The size of these icebergs is quite obvious in the threading model, where most of the ECS work, such as updating the System, takes place on the main thread (top of Figure 58). We also use a lot of multi-threading techniques like fork and join. In this example, a character fires a lot of projectiles, and the script System says we need to generate some projectiles, and creates a few worker threads to do that. And here’s the ResolvedContactSystem trying to create some collision effects, and it took several worker threads to do it.

 

The behind-the-scenes work of the projectile simulation has been isolated and invisible to the upper ECS, which is good.

Another cool example is AIPetDataSystem, which uses fork and join nicely. At the ECS level, there’s just a little bit of coupling, maybe saying “Hey, this is a breakable door, you might need to rebuild paths in these areas,” but there’s a lot of work behind the scenes, like getting all the triangles, rendering and trimming, None of this has anything to do with ECS, and we shouldn’t put ECS in those problem areas, we should figure it out ourselves.

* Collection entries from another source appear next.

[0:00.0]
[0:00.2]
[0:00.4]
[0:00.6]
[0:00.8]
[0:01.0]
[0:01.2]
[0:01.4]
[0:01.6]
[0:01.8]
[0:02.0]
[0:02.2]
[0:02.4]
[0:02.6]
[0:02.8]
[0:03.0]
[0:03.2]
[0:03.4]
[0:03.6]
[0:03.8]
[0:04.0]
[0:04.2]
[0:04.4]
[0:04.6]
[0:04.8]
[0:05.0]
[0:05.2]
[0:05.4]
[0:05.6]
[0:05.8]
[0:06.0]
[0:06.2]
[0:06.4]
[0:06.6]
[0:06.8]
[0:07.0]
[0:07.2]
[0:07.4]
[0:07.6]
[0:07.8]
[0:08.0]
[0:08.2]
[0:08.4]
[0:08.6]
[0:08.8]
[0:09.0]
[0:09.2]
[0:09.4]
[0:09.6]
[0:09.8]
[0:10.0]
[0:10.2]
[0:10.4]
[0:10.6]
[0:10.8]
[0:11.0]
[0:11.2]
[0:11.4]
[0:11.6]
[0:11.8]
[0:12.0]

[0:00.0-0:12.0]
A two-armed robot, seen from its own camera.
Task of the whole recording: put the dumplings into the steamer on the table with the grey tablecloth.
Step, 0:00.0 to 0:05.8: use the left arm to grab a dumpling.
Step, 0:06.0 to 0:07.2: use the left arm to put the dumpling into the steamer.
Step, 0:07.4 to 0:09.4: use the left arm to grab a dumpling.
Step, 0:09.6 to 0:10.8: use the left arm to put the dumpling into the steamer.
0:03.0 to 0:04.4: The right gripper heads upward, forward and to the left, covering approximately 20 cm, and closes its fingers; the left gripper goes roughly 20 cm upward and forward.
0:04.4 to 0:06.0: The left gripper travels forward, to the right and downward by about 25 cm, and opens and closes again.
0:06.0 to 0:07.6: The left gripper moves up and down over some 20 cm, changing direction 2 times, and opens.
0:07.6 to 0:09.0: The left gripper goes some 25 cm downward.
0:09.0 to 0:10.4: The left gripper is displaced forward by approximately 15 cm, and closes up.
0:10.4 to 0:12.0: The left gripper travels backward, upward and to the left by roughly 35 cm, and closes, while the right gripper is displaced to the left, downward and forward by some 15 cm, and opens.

The video here demonstrates the PathValidationSystem, where the Path is all these blue blocks on which the AI can walk. Paths are not only used for AI, but also for many hero abilities. Therefore, data synchronization between these paths is required between the server and the client.

 

The Zen Yata in the video will destroy these objects here, and you’ll see the damaged objects fall below the surface. And then the doors there will open and we’ll glue those surfaces together. The PathValidationSystem simply says, “Hey, the triangle has changed.” Then all the data will be used to reconstruct the path behind the iceberg.

And now I’m ready to end today’s sharing.

 

ECS is the glue that holds Overwatch together, and it’s cool because it helps you integrate a lot of disparate systems with minimal coupling. If you are going to use ECS to define your specification, in fact, no matter what architecture you want to use to quickly define your specification, only a few programmers will need access to physical system code, script engines, or audio libraries. But everyone should be able to use the glue code and integrate the system together.

By imposing these limits, success can be achieved.

 

As it turns out, network synchronization is really complicated, so it has to be decoupled from the rest of the engine as much as possible, and ECS is a good way to solve this problem.

Finally before I take my questions, I’d like to thank our team members and especially the Gameplay engineers for taking 3 years to create such a beautiful piece of art. We worked together to create principles, architecture evolved, and the results were there for all to see.